My boat had been sold to the Brazilians. There were still eight months left on my military obligation. My daughter had been born while I was submerged on station off the southern coast of Cuba. By the eight-month anniversary of my wedding, I had been in my home port fewer than six weeks. During those six weeks, I had spent every third night aboard the boat. When I filled out my dream sheet for my next assignment, I asked for shore duty. They did not give it to me.

They did give me an assignment that they called "shore duty". They sent me to be a crew member of the research submersible Trieste II. Jacques Piccard had built it to U.S. Navy specifications, and it was capable of exploring the entire ocean bottom. While I was there we used the shallow-water configuration, which could submerge to "only" 20,000 feet, and could explore only 96% of the ocean bottom.

It was quite interesting. And it was defined as "sea duty" for an enlisted man and "shore duty" for an officer. So my tour of shore duty was on something that went to sea.

The terms of my standard agreement with the Navy required that I give them six months notice if I planned to get out of the service after my initial four-year obligation. So, a month after I arrived in California to report to the Trieste, I resigned.

The next six months were busy. We did lots of unusual and interesting things. During my last week with the Trieste, I worked eagerly to get them ready for the next exploration that they were to perform. Several of the crew members were good friends, and I stayed in touch with them afterward. And I cast off their last line as they went to sea on my last week in the Navy.

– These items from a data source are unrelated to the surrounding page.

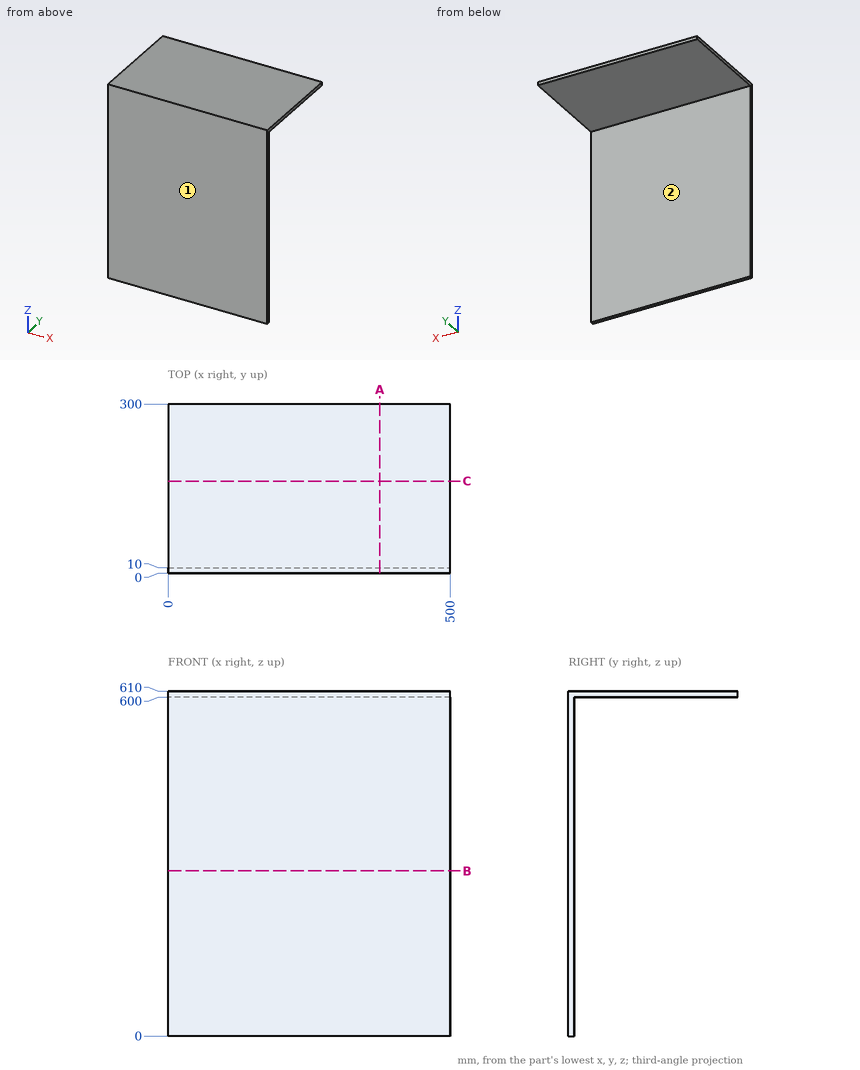
Could you check a few things on this drawing? It's one solid part, dimensions in mm from its lowest x, y, z. A direction names the side the tool comes from. Round coordinates to 2 decimals unless told otherwise and drop trailing zeros. Loops run counter-clockwise (first coordinate to the right, second up) from the corner with the lowest first, then second, coordinate; pieces in that order, holes last.
Q1. Please list where these lines run through material, in increasing order: L1, parallel to Y at x = 176, z = 34; L2, parallel to Z at x = 477, y = 74.5.
Q2. I want a section at A-A (x = 375). Write out the boundary of the cut face in (y, z), and give its area (3 significant figures).
Q3. I want a section at B-B (z = 292.5). Write out the boundary of the cut face in (x, y).
Q4. For P1, Ø10, axis at x = 341, y = 213, coming from the -Z side; P2, Ø6, axis at x = 173, z = 116, coming from the +Y side, each with a flat end and sliding along its axis, tell me the tip position at first contact or that it passes through.
Q5. On a 3-axis mill with a long thin cutter (end or side, diameter ignored), from which of +Z, -Z, +X, -X, +Y, -Y can I reach the whole of each face in a straight line? I mean the marked faces 1 and 2. Say none if no direction works.
Q6. I want a section at C-C (y = 163.5). Write out the boundary of the cut face in (x, z).
Answer below:
1. L1: y = 0 to 10
1. L2: z = 600 to 610
2. outline: (0, 0) - (10, 0) - (10, 600) - (300, 600) - (300, 610) - (0, 610) - close
2. area: 9,000 mm2
3. outline: (0, 0) - (500, 0) - (500, 10) - (0, 10) - close
4. P1: stops at z = 600
4. P2: stops at y = 10
5. face 1: +Z, -Z, +X, -X, -Y
5. face 2: -Z, +X, -X, +Y
6. outline: (0, 600) - (500, 600) - (500, 610) - (0, 610) - close

For years, since I finished with school, my Navy had been the Navy of small ships, of small crews, and of a bureaucracy that existed only at the other end of the message wire or mailbox. On that last week, I went back to the Navy that I had not seen since my training days. I reported to the U.S. Naval Station, San Diego, to be processed out of the service.

There were lots of offices. There were lots of buildings. There were lots of steps to be taken. There was a long checklist. There were colored stripes on the floor to lead me from one clerk to the next, down the hall, up the stairs, out the front door, across the street, or wherever I needed to go next. The only difficulty was in remembering which color stripe I needed to follow this time.

There were procedures to be followed. Some things were not stamped in the right box, so I had to follow the stripes back to where I could get the thing re-stamped properly. Other things were not spelled correctly, so I had to retrace my steps for remedial typing. People yelled at me a lot. I did not care. I did wonder how much they yelled at enlisted men, given the amount of abuse that they gave me, a salty Lieutenant who knew the ropes.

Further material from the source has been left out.